How Culture Cards Resolve

By Sepimour2, in Sid Meier's Civilization: The Board Game

Hi,

We had an interesting scenario week or so ago where 2 players were playing an advanced tie-breaker variant.

Player 1 and 2 both achieved their respective victory conditions during their City Management phases.

Player 1 managed to secure 15 coins and player 2 jumped to the top of the culture track.

During the movement phase Player 2 moved a figure forward one space to be withing range of a great person in one of Player 1's cities and then played a culture event card to destroy said great person, robbing Player 1 of the precious coin that the great person provided. Player 2 then played a culture card in response to destroy Player 1's figure arguing that this would counter his culture event, because with the figure destroyed Player 1's culture card would no longer be valid.

The question then was if you can play a non-counter culture card in response to another culture card. All we could see in the rules was that a Cancel can cancel another cancel card. There was no mention of which order culture cards resolve in.

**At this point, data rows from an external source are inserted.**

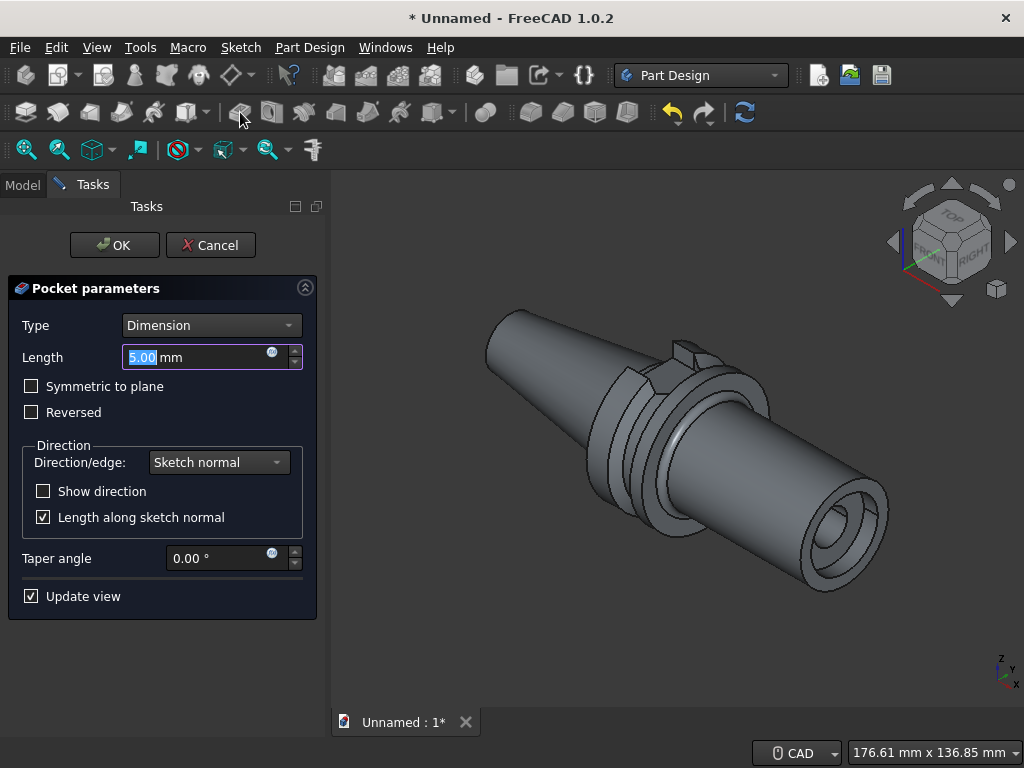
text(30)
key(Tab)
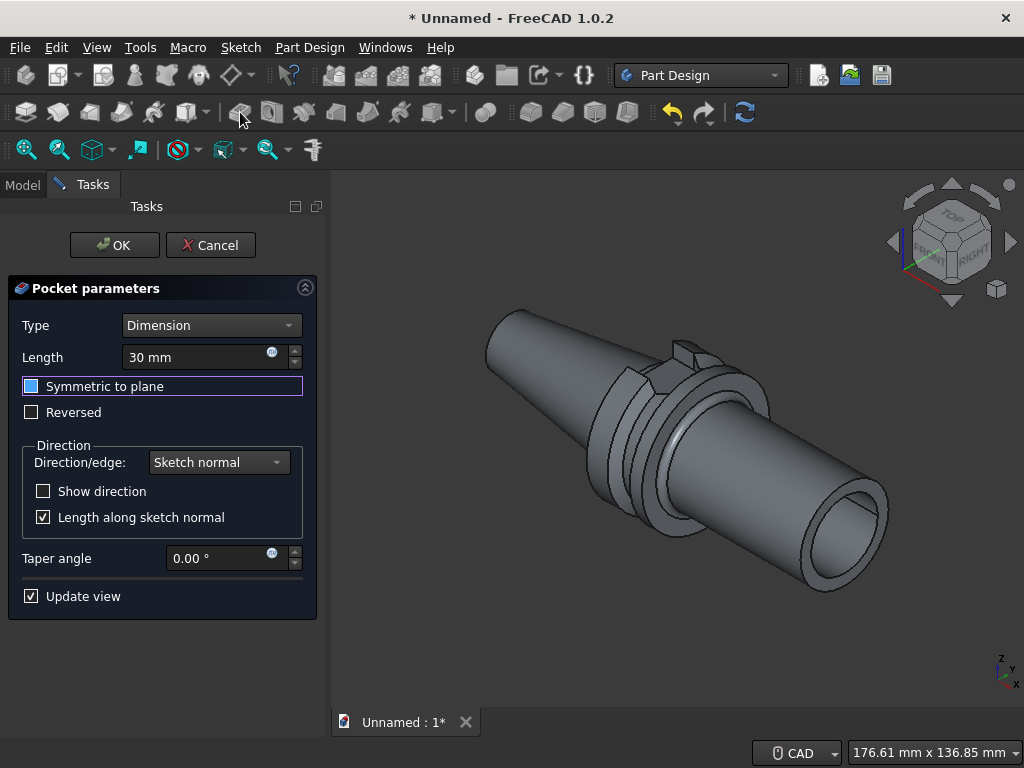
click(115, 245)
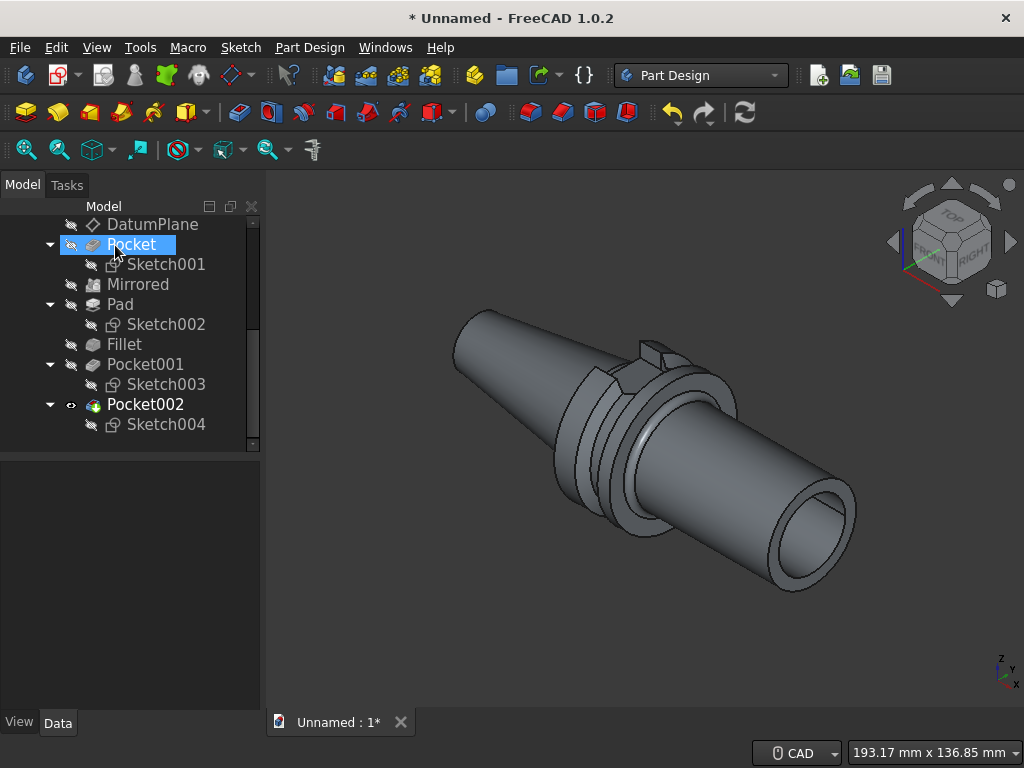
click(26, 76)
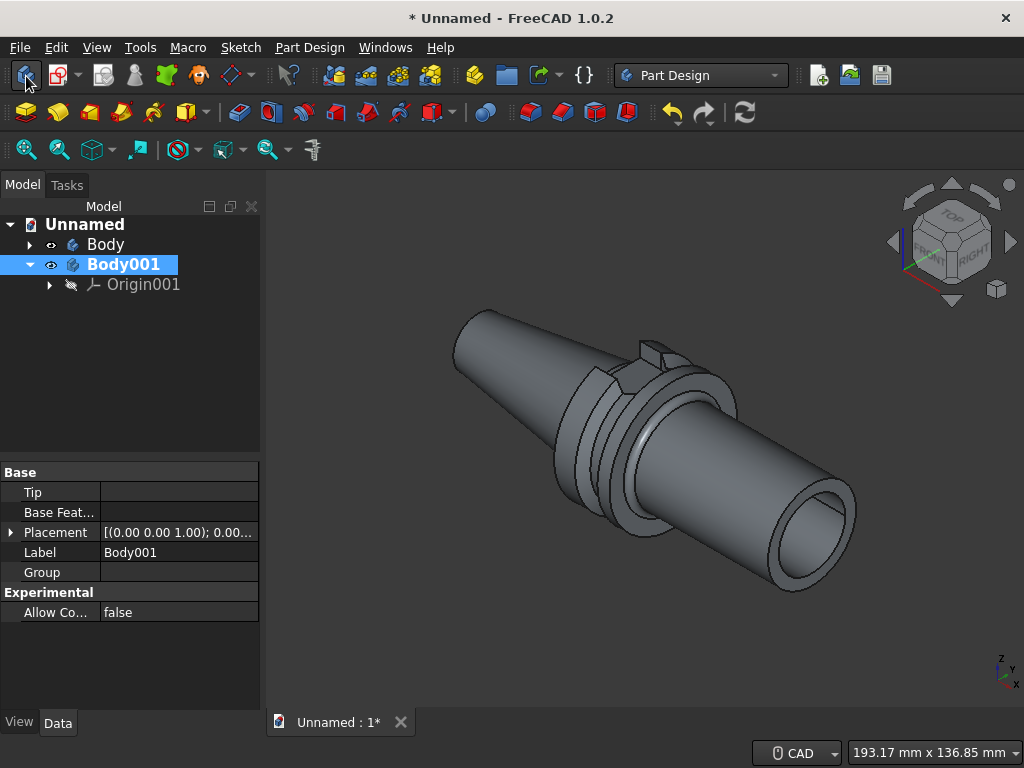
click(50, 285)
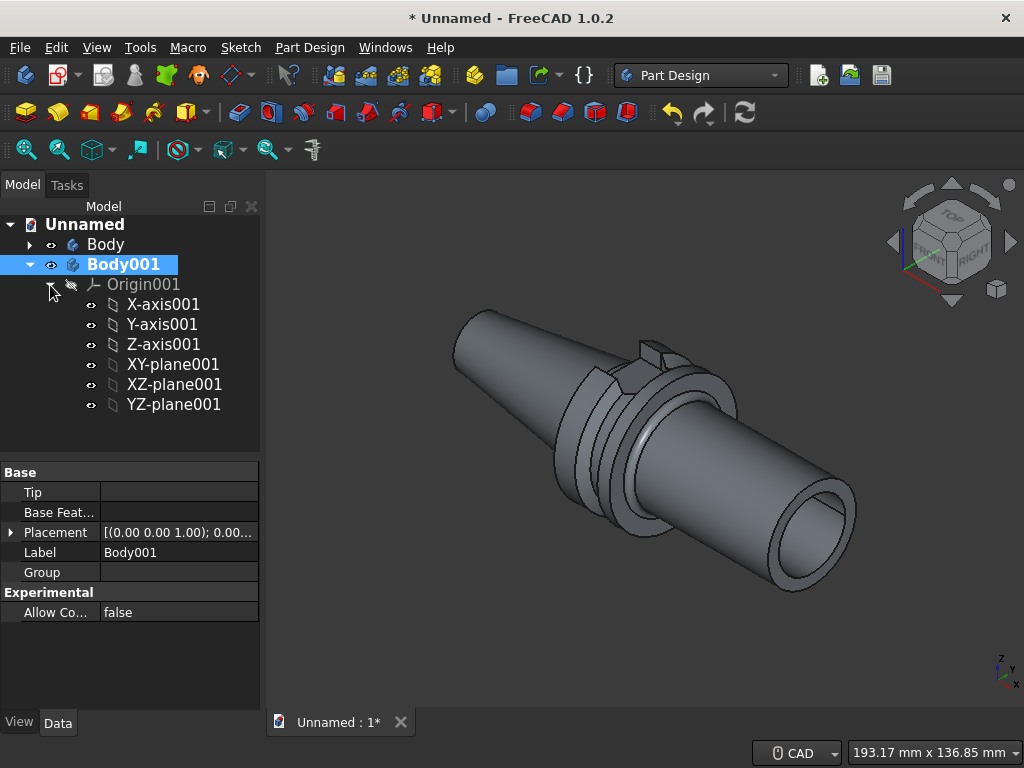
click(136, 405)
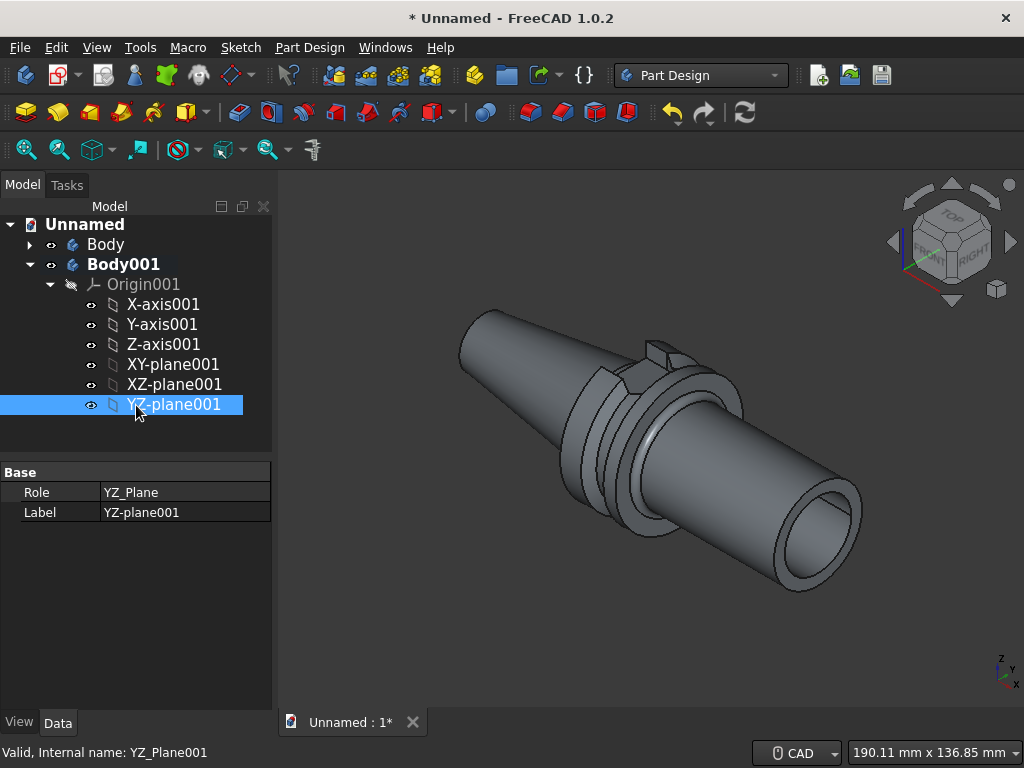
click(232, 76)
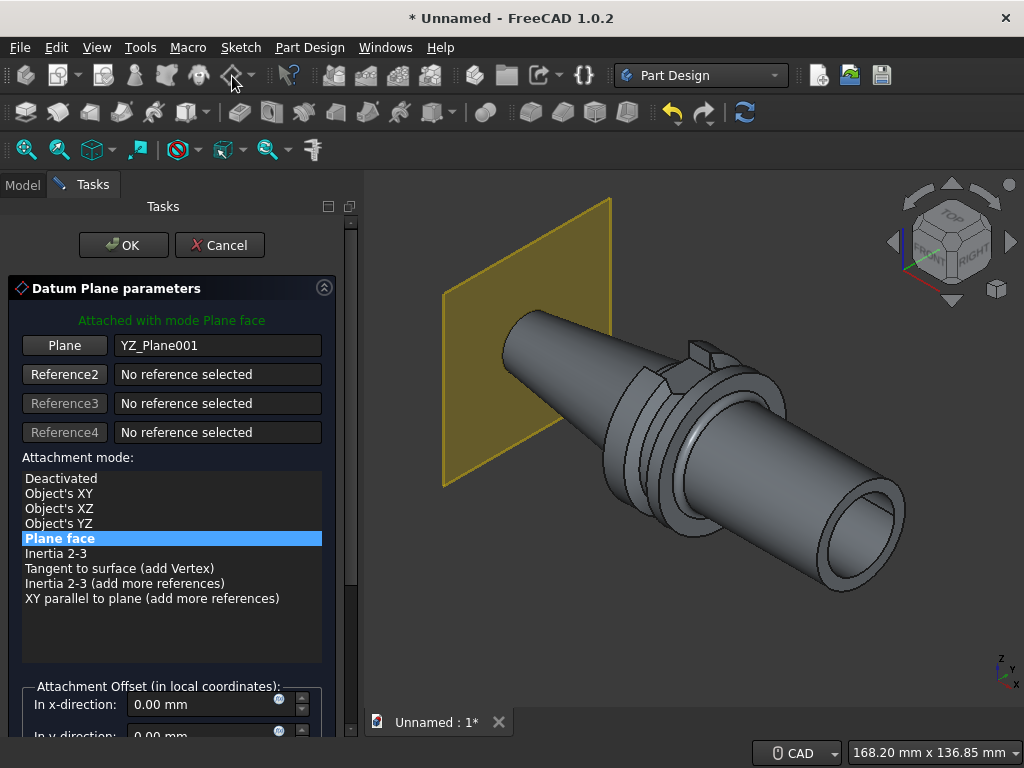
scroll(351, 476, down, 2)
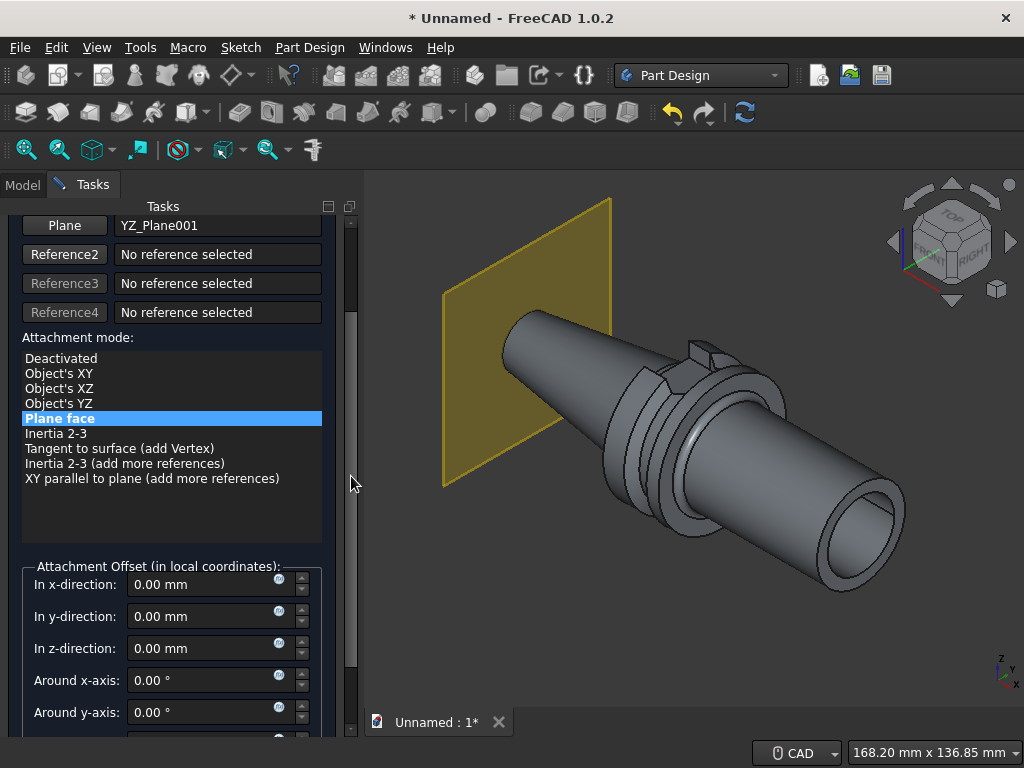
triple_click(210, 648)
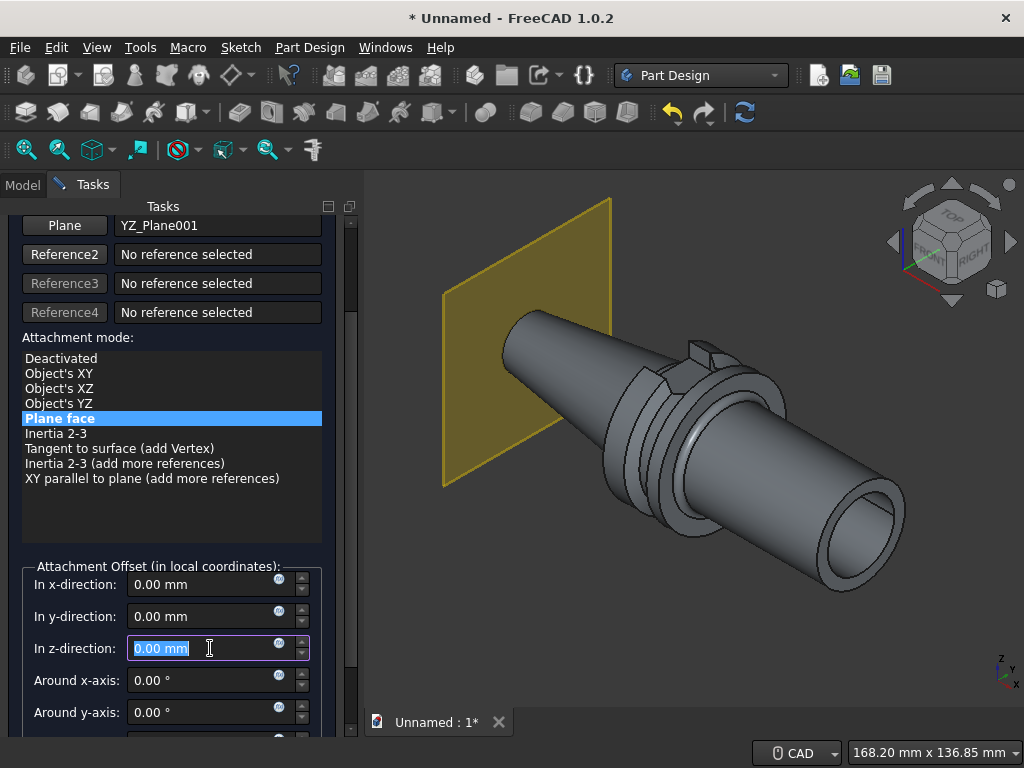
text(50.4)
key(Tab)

Does Player 2 destroy the great person robbing Player 1 of his/her coin to win a culture victory or does Player 1 win by his card resolving first and then winning by the advanced tie-breaker calculation (which would have been the case).

Was a great game to be part of nonetheless :)

Hi Sepimour,

I don't particularly regard myself as an expert in Civ, having only played a few times, but I will do my best to help. At worst someone might see I'm wrong and correct me and we'll both learn something!

First, I assume that Player 1 (P1) wanted to play a card that interrupts movement*. I would say that this has to be played within a reasonable time of player 2 (P2) moving his figure. What "reasonable" means is really up to your group to decide. If P1 doesn't react to P2's movement despite having had adequate time to do so then I would say the opportunity is lost and he cannot play the card in response to P2's card (he wouldn't be interrupting movement, he would be interrupting the playing of a culture card).

However , if P1 has reached 15 coins at any time during his or her turn then P1 qualifies for an economic victory even if he or she has fewer coins at the end of the turn. Therefore it would still go to a tiebreaker and, if after losing his or her coins P1 is still ahead, he or she is the winner.

So far as I am aware this is an official ruling from Kevin Wilson, the game designer, and can be found on BGG in the rules forum under "The Civilization Bible of Rulings and Clarifications".

Hopefully this is helpful and if someone sees that I'm wrong then please let me (and you) know.

* If the card doesn't say it interrupts movement I think that you can only play it in your own movement phase. If it says any time then I'm not sure (I don't have the deck in front of me so I'm not sure if that situation could ever happen).

Thank you for the reply!

Your explanation makes perfect sense and we came to the same conclusion, but just didn't know about the economic victory still being valid.

"The Civilization Bible of Rulings and Clarifications" will be printed out and added to my game box.